This is called "inverse modeling" in some circles. I dislike the name and regret the loss of the appropriate term "cybernetics" to Hollywood and to some rather ill-defined corners of computer science. I propose, therefore, to call what some computational sciences do "meta-modeling", wherein the model itself (and the nature of its relationship to observation and theory) is construed as a legitimate object of study.

It is interesting how well-established this modality of thought is in mineral exploration (where there is, after all, a bottom line to take care of) and how controversial it remains in climate science. I have some thoughts as to why this might be. Some of the problems are directly a consequence of the unfairness of the unfair criticisms to which we have been subjected; this makes a fair assessment of fair crticisms fraught with peril. Others emerge from the history of the field and the social structures in which the work is performed.

It seems obvious to me that if the computational resources applied to climate go up several orders of magnitude, the correct approach to this is not, or at the very least not solely, to build a small number of immensely complex modeling platforms which use all the available computational power. Rather, it is to apply the (expensive but powerful) inverse modeling methodology to explore the model space of simpler models; to improve the expressiveness of model description languages; and to use these tools to build a much larger and more formal ensemble of climate modeling tools.

I also have a question whether the most policy-relevant models and the most science-relevant models are necessarily the same. I suspect otherwise. Climate modelers are so defended against the accusation of heuristics that they fail to apply the heuristics that might apply in an applied science effort.

Sen presented an interesting taxonomy of inverse methods at his talk. Much more to follow on this subject, hopefully.

8 comments:

David B. Benson said...

Civil, architectural, enovironmental and also chemical engineers have much the same problems of having to interact with the real world as it really is.

In a strong sense, mechanical and computer engineers build their own world. Most electrical engineers too; pwower engineers less so.

Not clear these distinctions help much.

Michael Tobis said...

My point is that when you control your system sufficiently you already know the equations that constitute it. We don't have that in climate, at least not effectively at any practicable resolution.

David B. Benson said...

I doubt that structural engineers have a very deep grasp yet of suitable equations to use in the face of earthquakes. They have various approximations. That was what I was trying to point out.

Anyway, I still fail to grasp what 'inverse method' is supposed to mean...

Michael Tobis said...

Here's a good definition of the topic of inverse methods as Sen sees it.

In short, in this jargon, a forward problem is, given a model, predict some observations; an inverse problem is, given observations, identify a model.

In a linear system these problems are closely related. In a nonlinear system they are asymmetric, and require many runs of the "forward model", i.e., in our case, candidate models within our model optimization space.

There is an extensive and rich formalism for this class of problem which is relevant given sufficient computational power and not otherwise.

David B. Benson said...

Thanks! I know understand

inverse method == parameter estimation

That is, one has a set of equations, possibly wth constraints, and some unknown parameters as coefficients in the equations and even in the constraints. The problem is to obtain a decent estimate of the values of these parameters, given some evidence (data).

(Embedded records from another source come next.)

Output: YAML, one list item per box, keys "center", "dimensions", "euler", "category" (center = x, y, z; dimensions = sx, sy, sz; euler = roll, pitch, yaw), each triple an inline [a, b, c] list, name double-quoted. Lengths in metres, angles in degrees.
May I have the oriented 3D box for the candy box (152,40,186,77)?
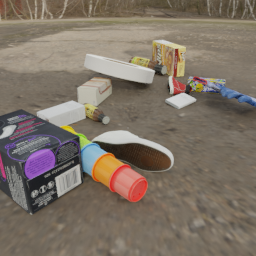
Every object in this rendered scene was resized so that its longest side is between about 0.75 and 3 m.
- center: [1.990, -3.539, 14.077]
  dimensions: [0.663, 1.385, 2.399]
  euler: [-9, 27, -19]
  category: "candy box"

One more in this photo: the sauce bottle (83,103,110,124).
- center: [-1.033, -0.449, 8.831]
  dimensions: [0.410, 0.410, 1.268]
  euler: [-18, 29, -33]
  category: "sauce bottle"

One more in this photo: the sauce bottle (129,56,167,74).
- center: [0.985, -3.106, 14.001]
  dimensions: [2.136, 0.691, 0.691]
  euler: [22, 33, 39]
  category: "sauce bottle"

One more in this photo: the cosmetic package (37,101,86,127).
- center: [-2.031, -0.391, 8.647]
  dimensions: [0.676, 0.492, 1.330]
  euler: [23, 36, 39]
  category: "cosmetic package"

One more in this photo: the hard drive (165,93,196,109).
- center: [1.909, -0.988, 10.126]
  dimensions: [0.962, 0.128, 0.635]
  euler: [-23, 43, -35]
  category: "hard drive"

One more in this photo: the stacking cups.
- center: [-0.694, 0.682, 6.039]
  dimensions: [2.603, 0.787, 0.787]
  euler: [23, 34, 39]
  category: "stacking cups"

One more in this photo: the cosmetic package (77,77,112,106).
- center: [-1.217, -1.394, 10.497]
  dimensions: [0.778, 0.656, 1.504]
  euler: [7, 27, 15]
  category: "cosmetic package"

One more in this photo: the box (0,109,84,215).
- center: [-2.148, 0.562, 5.865]
  dimensions: [2.202, 1.168, 1.346]
  euler: [21, 33, 37]
  category: "box"

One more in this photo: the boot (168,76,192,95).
- center: [2.117, -1.731, 11.457]
  dimensions: [0.935, 0.469, 1.296]
  euler: [1, 34, 0]
  category: "boot"

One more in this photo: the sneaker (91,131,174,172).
- center: [0.179, 0.401, 6.664]
  dimensions: [2.091, 0.761, 0.885]
  euler: [13, 31, 27]
  category: "sneaker"

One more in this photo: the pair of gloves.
- center: [3.428, -1.159, 9.422]
  dimensions: [2.152, 0.305, 2.677]
  euler: [8, 19, -41]
  category: "pair of gloves"

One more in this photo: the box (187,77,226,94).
- center: [3.169, -1.738, 11.368]
  dimensions: [1.465, 0.513, 0.471]
  euler: [9, 27, 18]
  category: "box"

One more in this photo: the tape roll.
- center: [-0.346, -2.468, 11.620]
  dimensions: [2.952, 0.539, 2.952]
  euler: [13, 14, -3]
  category: "tape roll"
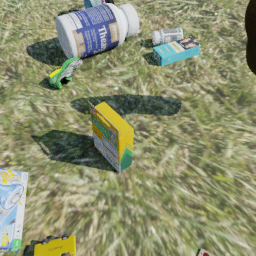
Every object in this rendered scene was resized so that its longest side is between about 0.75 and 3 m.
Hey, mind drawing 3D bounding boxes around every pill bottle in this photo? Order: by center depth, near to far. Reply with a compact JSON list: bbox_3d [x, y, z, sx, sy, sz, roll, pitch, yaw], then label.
[{"bbox_3d":[-1.030,-3.469,9.856,2.686,1.490,1.490,-24,55,-18],"label":"pill bottle"},{"bbox_3d":[1.457,-3.352,10.338,1.032,0.584,0.584,-6,51,-5],"label":"pill bottle"}]

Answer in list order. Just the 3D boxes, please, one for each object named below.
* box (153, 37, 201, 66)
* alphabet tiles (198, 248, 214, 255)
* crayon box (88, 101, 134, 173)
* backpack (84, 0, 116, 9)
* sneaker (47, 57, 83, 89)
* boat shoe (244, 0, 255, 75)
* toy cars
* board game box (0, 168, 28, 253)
[{"bbox_3d":[1.727,-2.741,9.972,1.593,0.392,0.656,-21,54,-16],"label":"box"},{"bbox_3d":[1.715,3.328,5.318,1.298,0.059,1.552,25,56,18],"label":"alphabet tiles"},{"bbox_3d":[-0.386,0.172,6.751,0.454,1.761,1.107,-33,59,-23],"label":"crayon box"},{"bbox_3d":[-1.114,-4.918,11.019,1.132,1.504,1.335,-14,52,11],"label":"backpack"},{"bbox_3d":[-1.956,-1.766,9.178,0.588,0.539,1.381,35,68,16],"label":"sneaker"},{"bbox_3d":[3.081,-2.087,5.938,0.839,2.528,0.936,-32,61,1],"label":"boat shoe"},{"bbox_3d":[-1.735,2.838,5.508,0.820,0.405,1.829,25,58,33],"label":"toy cars"},{"bbox_3d":[-2.897,1.720,6.081,1.220,0.311,1.802,15,46,-28],"label":"board game box"}]
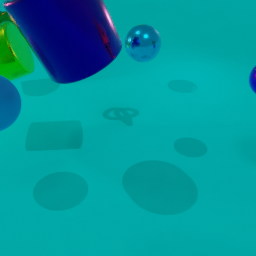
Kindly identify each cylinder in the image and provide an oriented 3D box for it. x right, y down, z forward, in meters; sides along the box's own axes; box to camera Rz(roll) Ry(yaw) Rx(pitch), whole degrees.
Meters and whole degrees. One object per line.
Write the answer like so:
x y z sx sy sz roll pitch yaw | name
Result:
-0.986 -1.672 4.535 1.397 1.397 1.397 -17 38 14 | cylinder
-3.079 -1.676 6.600 1.253 1.253 1.253 -19 38 5 | cylinder

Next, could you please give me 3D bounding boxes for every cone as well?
-4.493 -3.399 8.876 1.335 1.330 1.330 32 43 2 | cone

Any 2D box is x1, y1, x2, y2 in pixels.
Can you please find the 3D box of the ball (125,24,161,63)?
0.316 -1.791 5.946 0.780 0.780 0.780 0 37 0 | ball

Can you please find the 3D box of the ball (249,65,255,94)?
2.702 -0.939 5.333 0.742 0.742 0.742 0 37 0 | ball

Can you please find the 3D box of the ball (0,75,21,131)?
-2.517 -0.454 5.093 1.084 1.084 1.084 0 37 0 | ball

Have I (more or less) got it?

Michael Tobis said...

Pretty much. Your summary certainly captures the practice as it mostly exists.

The concept can be extended to cases where there are competing models; where the differences aren't just parametric but structural. That said, you have to walk before you can run, and there's plenty to do within a given model structure in many cases.

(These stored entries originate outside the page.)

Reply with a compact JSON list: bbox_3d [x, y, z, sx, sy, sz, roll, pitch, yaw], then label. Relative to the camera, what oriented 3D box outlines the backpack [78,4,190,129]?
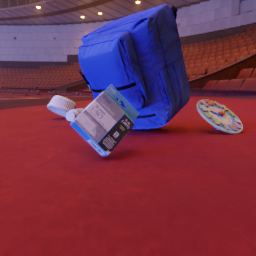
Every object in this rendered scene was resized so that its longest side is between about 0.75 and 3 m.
[{"bbox_3d":[0.150,-1.346,7.599,2.385,2.935,2.463,4,36,42],"label":"backpack"}]

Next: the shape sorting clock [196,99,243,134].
[{"bbox_3d":[2.540,-0.351,7.733,1.405,0.276,1.405,16,33,-11],"label":"shape sorting clock"}]

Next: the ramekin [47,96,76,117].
[{"bbox_3d":[-2.557,-0.847,11.044,1.136,0.529,1.136,18,-15,5],"label":"ramekin"}]

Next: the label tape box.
[{"bbox_3d":[-0.318,-0.186,4.822,1.102,0.795,0.349,-49,11,-22],"label":"label tape box"}]

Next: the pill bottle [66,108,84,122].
[{"bbox_3d":[-1.848,-0.454,10.015,0.466,0.466,0.857,3,8,19],"label":"pill bottle"}]
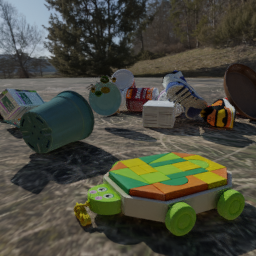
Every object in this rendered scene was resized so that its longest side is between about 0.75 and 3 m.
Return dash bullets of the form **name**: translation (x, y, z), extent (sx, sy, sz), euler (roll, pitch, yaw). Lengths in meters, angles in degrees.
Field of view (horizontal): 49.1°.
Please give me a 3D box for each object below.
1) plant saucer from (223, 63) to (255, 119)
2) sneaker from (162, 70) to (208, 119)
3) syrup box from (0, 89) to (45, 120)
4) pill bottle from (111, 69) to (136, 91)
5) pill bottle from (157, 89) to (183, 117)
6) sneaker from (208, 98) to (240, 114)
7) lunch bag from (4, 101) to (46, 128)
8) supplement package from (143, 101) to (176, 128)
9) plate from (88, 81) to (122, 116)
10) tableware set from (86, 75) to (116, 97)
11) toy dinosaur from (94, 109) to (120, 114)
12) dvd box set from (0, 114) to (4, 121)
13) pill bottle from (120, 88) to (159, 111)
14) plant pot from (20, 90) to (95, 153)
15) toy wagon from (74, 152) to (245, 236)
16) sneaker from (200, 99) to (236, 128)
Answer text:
- **plant saucer**: translation (5.296, -1.595, 12.606), extent (2.809, 2.809, 0.484), euler (-8, -18, -30)
- **sneaker**: translation (2.252, -1.555, 11.509), extent (1.070, 1.529, 2.647), euler (-33, -39, 24)
- **syrup box**: translation (-3.114, -0.701, 8.182), extent (0.635, 0.614, 1.558), euler (-40, -3, 11)
- **pill bottle**: translation (-0.150, -2.193, 15.693), extent (1.242, 1.242, 2.199), euler (2, -21, 10)
- **pill bottle**: translation (2.012, -1.264, 13.370), extent (1.237, 1.237, 2.204), euler (1, 13, 6)
- **sneaker**: translation (4.746, -1.364, 13.447), extent (2.375, 1.372, 0.931), euler (-4, 13, -16)
- **lunch bag**: translation (-3.687, -0.529, 10.709), extent (1.639, 0.999, 1.396), euler (16, 16, 32)
- **supplement package**: translation (1.282, -0.587, 11.254), extent (1.179, 0.840, 1.514), euler (3, 13, 13)
- **plate**: translation (-0.893, -1.168, 11.095), extent (1.388, 1.388, 0.177), euler (3, 9, 14)
- **tableware set**: translation (-0.813, -1.418, 9.225), extent (0.695, 0.158, 1.031), euler (39, 57, 22)
- **toy dinosaur**: translation (-0.830, -0.781, 13.321), extent (0.863, 0.491, 1.625), euler (-21, -3, 28)
- **dvd box set**: translation (-4.666, -0.697, 12.841), extent (1.754, 0.352, 2.397), euler (8, 15, 32)
- **pill bottle**: translation (0.439, -1.453, 14.256), extent (2.134, 1.205, 1.205), euler (2, 13, 16)
- **plant pot**: translation (-2.075, -0.117, 7.994), extent (1.613, 1.613, 1.579), euler (7, 23, 29)
- **toy wagon**: translation (0.451, 1.026, 4.866), extent (2.801, 0.554, 2.173), euler (-6, 14, -26)
- **sneaker**: translation (3.512, -0.683, 11.474), extent (1.192, 0.926, 2.649), euler (4, 15, 3)

One point I have been making (mostly in my series of flushed proposals) is that the best way to compare alternative formulations is to spend equal effort tuning each formulation. Without formal tuning methodologies that isn't feasible.

That all said, optimal parameter tuning is important, mathematically mature within engineering, and not well understood within climate, so it has considerable potential for improving matters.

The nature of the resistance to this class of idea within the climate establishment is interesting. It isn't something I fully understand.

David B. Benson said...

Ok. To compare competing models H and K given evidence E, I just use the naive Bayes factor method. Good enough for my problem.

To estimate parameters I use a variant of the simplex method, the multiplex method. The only difference is that rather than just a n+1 simplex in n dimensional parameter space, the method starts with at least n+1 vectors (of length n) but possibly as many as 2^(n-1). This gives better coverage of the hilly n dimensional parameter space, so does better at avoiding local minima traps. There are some obvious improvements which could be made if I had time to do so, wherein the algorithm starts with a large number of guesses and cuts these down as it goes, eventually just using a single simplex when it becomes clear that a valley has been found and the algorithm is simply polishing answers.

If you come across a reference to an algorithm which looks something like that, kindly post or e-mail me a reference to it.

Anonymous said...

You write very well.